**What you are asked to do:**
Copy every entry. Do not alter a single word.

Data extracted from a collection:
######

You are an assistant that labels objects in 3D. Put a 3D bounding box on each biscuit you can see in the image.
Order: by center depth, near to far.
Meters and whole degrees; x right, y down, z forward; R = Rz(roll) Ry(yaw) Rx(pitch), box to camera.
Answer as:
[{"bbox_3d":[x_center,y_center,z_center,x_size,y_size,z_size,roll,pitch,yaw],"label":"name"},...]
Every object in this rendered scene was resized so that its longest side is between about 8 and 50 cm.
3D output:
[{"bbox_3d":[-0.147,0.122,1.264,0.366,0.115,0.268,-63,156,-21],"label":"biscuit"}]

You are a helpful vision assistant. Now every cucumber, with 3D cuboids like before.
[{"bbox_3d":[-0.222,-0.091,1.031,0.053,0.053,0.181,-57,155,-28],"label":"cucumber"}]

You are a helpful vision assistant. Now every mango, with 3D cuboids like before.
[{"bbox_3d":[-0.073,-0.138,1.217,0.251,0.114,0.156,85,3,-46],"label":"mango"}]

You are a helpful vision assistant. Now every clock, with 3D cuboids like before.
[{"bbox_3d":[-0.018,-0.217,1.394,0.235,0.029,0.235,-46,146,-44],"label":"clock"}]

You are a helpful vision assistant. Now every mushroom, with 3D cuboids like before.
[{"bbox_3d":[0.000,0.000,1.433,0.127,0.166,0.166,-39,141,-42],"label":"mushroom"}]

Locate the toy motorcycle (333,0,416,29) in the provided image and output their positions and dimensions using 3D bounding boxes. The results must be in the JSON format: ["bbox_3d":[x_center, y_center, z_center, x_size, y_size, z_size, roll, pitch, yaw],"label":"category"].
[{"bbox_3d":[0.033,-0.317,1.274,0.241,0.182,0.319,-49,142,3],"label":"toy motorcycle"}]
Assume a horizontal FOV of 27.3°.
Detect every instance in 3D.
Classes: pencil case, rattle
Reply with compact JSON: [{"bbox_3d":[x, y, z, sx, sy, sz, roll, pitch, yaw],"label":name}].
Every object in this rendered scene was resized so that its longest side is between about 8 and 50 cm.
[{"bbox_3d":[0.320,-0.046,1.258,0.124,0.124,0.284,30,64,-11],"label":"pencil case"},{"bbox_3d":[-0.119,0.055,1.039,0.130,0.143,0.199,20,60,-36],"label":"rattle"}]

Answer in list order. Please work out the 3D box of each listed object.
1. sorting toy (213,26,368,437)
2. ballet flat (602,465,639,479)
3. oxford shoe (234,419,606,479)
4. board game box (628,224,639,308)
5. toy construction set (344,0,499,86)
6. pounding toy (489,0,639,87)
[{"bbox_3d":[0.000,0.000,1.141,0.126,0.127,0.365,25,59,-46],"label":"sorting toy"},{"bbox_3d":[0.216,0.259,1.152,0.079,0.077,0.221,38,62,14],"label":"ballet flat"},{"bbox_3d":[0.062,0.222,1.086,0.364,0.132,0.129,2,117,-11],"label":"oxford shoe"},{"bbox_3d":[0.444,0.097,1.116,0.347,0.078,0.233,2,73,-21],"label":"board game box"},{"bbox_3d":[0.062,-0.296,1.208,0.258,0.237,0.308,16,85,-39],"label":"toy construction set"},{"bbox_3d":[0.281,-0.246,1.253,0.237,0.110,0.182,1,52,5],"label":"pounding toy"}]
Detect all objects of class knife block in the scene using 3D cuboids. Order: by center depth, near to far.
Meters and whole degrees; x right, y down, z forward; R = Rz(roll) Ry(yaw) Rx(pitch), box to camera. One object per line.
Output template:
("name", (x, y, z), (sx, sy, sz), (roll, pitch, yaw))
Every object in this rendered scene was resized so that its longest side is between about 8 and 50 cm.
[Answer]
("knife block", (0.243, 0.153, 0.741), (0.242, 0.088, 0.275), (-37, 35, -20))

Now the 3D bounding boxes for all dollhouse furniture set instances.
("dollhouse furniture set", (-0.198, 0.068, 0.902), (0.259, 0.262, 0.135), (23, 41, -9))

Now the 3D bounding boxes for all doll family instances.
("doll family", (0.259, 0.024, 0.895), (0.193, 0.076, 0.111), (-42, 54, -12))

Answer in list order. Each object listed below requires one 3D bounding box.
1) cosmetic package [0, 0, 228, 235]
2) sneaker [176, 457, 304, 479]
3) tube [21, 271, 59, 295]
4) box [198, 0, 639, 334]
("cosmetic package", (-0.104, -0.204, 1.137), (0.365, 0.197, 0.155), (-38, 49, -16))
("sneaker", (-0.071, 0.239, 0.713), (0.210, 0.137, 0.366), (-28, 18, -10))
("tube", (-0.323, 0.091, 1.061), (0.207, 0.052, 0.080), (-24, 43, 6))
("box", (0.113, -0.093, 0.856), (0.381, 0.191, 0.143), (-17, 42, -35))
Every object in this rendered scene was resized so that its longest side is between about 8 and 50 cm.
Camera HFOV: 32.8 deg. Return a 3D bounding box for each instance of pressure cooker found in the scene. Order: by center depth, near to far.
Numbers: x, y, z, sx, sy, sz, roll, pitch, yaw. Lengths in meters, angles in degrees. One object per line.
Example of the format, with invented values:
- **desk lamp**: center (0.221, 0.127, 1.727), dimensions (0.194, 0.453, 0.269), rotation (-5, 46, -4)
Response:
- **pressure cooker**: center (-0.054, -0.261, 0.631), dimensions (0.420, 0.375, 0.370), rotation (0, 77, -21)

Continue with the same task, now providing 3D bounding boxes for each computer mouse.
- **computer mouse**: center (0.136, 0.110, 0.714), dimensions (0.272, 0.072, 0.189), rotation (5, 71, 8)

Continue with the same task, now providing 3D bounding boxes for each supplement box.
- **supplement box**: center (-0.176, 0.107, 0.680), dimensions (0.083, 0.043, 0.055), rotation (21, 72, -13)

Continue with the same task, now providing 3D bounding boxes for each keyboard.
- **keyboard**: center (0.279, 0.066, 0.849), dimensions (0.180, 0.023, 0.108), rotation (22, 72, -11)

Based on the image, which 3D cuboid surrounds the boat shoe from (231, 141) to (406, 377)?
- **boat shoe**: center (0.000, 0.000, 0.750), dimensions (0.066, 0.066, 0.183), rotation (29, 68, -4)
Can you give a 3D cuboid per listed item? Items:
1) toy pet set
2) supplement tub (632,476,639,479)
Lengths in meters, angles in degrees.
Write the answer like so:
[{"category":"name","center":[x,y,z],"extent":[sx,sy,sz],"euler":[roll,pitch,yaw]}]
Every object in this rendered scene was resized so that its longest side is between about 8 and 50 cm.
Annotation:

######

**Your solution:**
You are an assistant that labels objects in 3D. Put a 3D bounding box on each biscuit you can see in the image.
Order: by center depth, near to far.
Meters and whole degrees; x right, y down, z forward; R = Rz(roll) Ry(yaw) Rx(pitch), box to camera.
Answer as:
[{"bbox_3d":[x_center,y_center,z_center,x_size,y_size,z_size,roll,pitch,yaw],"label":"name"},...]
Every object in this rendered scene was resized so that its longest side is between about 8 and 50 cm.
3D output:
[{"bbox_3d":[-0.147,0.122,1.264,0.366,0.115,0.268,-63,156,-21],"label":"biscuit"}]

You are a helpful vision assistant. Now every cucumber, with 3D cuboids like before.
[{"bbox_3d":[-0.222,-0.091,1.031,0.053,0.053,0.181,-57,155,-28],"label":"cucumber"}]

You are a helpful vision assistant. Now every mango, with 3D cuboids like before.
[{"bbox_3d":[-0.073,-0.138,1.217,0.251,0.114,0.156,85,3,-46],"label":"mango"}]

You are a helpful vision assistant. Now every clock, with 3D cuboids like before.
[{"bbox_3d":[-0.018,-0.217,1.394,0.235,0.029,0.235,-46,146,-44],"label":"clock"}]

You are a helpful vision assistant. Now every mushroom, with 3D cuboids like before.
[{"bbox_3d":[0.000,0.000,1.433,0.127,0.166,0.166,-39,141,-42],"label":"mushroom"}]

Locate the toy motorcycle (333,0,416,29) in the provided image and output their positions and dimensions using 3D bounding boxes. The results must be in the JSON format: ["bbox_3d":[x_center, y_center, z_center, x_size, y_size, z_size, roll, pitch, yaw],"label":"category"].
[{"bbox_3d":[0.033,-0.317,1.274,0.241,0.182,0.319,-49,142,3],"label":"toy motorcycle"}]
Assume a horizontal FOV of 27.3°.
Detect every instance in 3D.
Classes: pencil case, rattle
Reply with compact JSON: [{"bbox_3d":[x, y, z, sx, sy, sz, roll, pitch, yaw],"label":name}].
Every object in this rendered scene was resized so that its longest side is between about 8 and 50 cm.
[{"bbox_3d":[0.320,-0.046,1.258,0.124,0.124,0.284,30,64,-11],"label":"pencil case"},{"bbox_3d":[-0.119,0.055,1.039,0.130,0.143,0.199,20,60,-36],"label":"rattle"}]

Answer in list order. Please work out the 3D box of each listed object.
1. sorting toy (213,26,368,437)
2. ballet flat (602,465,639,479)
3. oxford shoe (234,419,606,479)
4. board game box (628,224,639,308)
5. toy construction set (344,0,499,86)
6. pounding toy (489,0,639,87)
[{"bbox_3d":[0.000,0.000,1.141,0.126,0.127,0.365,25,59,-46],"label":"sorting toy"},{"bbox_3d":[0.216,0.259,1.152,0.079,0.077,0.221,38,62,14],"label":"ballet flat"},{"bbox_3d":[0.062,0.222,1.086,0.364,0.132,0.129,2,117,-11],"label":"oxford shoe"},{"bbox_3d":[0.444,0.097,1.116,0.347,0.078,0.233,2,73,-21],"label":"board game box"},{"bbox_3d":[0.062,-0.296,1.208,0.258,0.237,0.308,16,85,-39],"label":"toy construction set"},{"bbox_3d":[0.281,-0.246,1.253,0.237,0.110,0.182,1,52,5],"label":"pounding toy"}]
Detect all objects of class knife block in the scene using 3D cuboids. Order: by center depth, near to far.
Meters and whole degrees; x right, y down, z forward; R = Rz(roll) Ry(yaw) Rx(pitch), box to camera. One object per line.
Output template:
("name", (x, y, z), (sx, sy, sz), (roll, pitch, yaw))
Every object in this rendered scene was resized so that its longest side is between about 8 and 50 cm.
[Answer]
("knife block", (0.243, 0.153, 0.741), (0.242, 0.088, 0.275), (-37, 35, -20))

Now the 3D bounding boxes for all dollhouse furniture set instances.
("dollhouse furniture set", (-0.198, 0.068, 0.902), (0.259, 0.262, 0.135), (23, 41, -9))

Now the 3D bounding boxes for all doll family instances.
("doll family", (0.259, 0.024, 0.895), (0.193, 0.076, 0.111), (-42, 54, -12))

Answer in list order. Each object listed below requires one 3D bounding box.
1) cosmetic package [0, 0, 228, 235]
2) sneaker [176, 457, 304, 479]
3) tube [21, 271, 59, 295]
4) box [198, 0, 639, 334]
("cosmetic package", (-0.104, -0.204, 1.137), (0.365, 0.197, 0.155), (-38, 49, -16))
("sneaker", (-0.071, 0.239, 0.713), (0.210, 0.137, 0.366), (-28, 18, -10))
("tube", (-0.323, 0.091, 1.061), (0.207, 0.052, 0.080), (-24, 43, 6))
("box", (0.113, -0.093, 0.856), (0.381, 0.191, 0.143), (-17, 42, -35))
Every object in this rendered scene was resized so that its longest side is between about 8 and 50 cm.
Camera HFOV: 32.8 deg. Return a 3D bounding box for each instance of pressure cooker found in the scene. Order: by center depth, near to far.
Numbers: x, y, z, sx, sy, sz, roll, pitch, yaw. Lengths in meters, angles in degrees. One object per line.
Example of the format, with invented values:
- **desk lamp**: center (0.221, 0.127, 1.727), dimensions (0.194, 0.453, 0.269), rotation (-5, 46, -4)
Response:
- **pressure cooker**: center (-0.054, -0.261, 0.631), dimensions (0.420, 0.375, 0.370), rotation (0, 77, -21)

Continue with the same task, now providing 3D bounding boxes for each computer mouse.
- **computer mouse**: center (0.136, 0.110, 0.714), dimensions (0.272, 0.072, 0.189), rotation (5, 71, 8)

Continue with the same task, now providing 3D bounding boxes for each supplement box.
- **supplement box**: center (-0.176, 0.107, 0.680), dimensions (0.083, 0.043, 0.055), rotation (21, 72, -13)

Continue with the same task, now providing 3D bounding boxes for each keyboard.
- **keyboard**: center (0.279, 0.066, 0.849), dimensions (0.180, 0.023, 0.108), rotation (22, 72, -11)

Based on the image, which 3D cuboid surrounds the boat shoe from (231, 141) to (406, 377)?
- **boat shoe**: center (0.000, 0.000, 0.750), dimensions (0.066, 0.066, 0.183), rotation (29, 68, -4)
Can you give a 3D cuboid per listed item? Items:
1) toy pet set
2) supplement tub (632,476,639,479)
Lengths in meters, angles in degrees.
Write the answer like so:
[{"category":"name","center":[x,y,z],"extent":[sx,sy,sz],"euler":[roll,pitch,yaw]}]
Every object in this rendered scene was resized so that its longest side is between about 8 and 50 cm.
Annotation:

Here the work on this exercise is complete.